[Opening Provided entries section]

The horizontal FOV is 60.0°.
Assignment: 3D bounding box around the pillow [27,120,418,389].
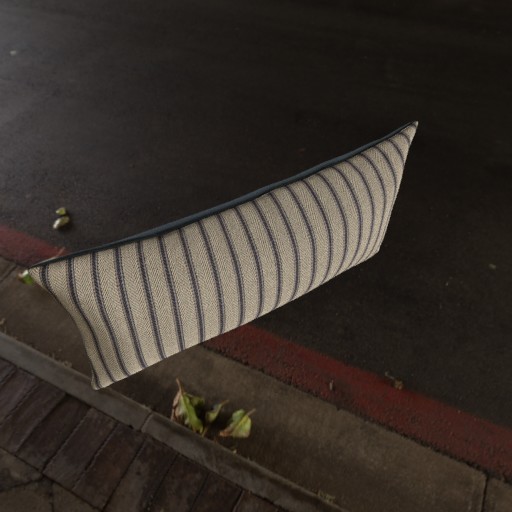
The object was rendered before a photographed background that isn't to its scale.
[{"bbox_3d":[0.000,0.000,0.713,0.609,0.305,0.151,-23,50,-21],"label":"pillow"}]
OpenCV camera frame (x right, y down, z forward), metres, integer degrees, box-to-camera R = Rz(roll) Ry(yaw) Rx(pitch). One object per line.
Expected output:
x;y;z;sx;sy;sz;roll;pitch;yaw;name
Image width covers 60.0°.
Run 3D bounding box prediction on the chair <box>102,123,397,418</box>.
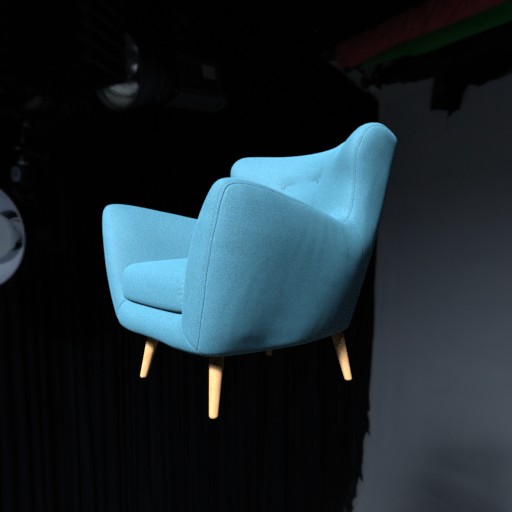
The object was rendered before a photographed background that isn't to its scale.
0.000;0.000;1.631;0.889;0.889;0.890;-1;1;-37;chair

[Closing Provided entries section]

What the task asks:
Find how many lines in the entries above use the word "bounding". Write the number alone.

Reply to the task:
2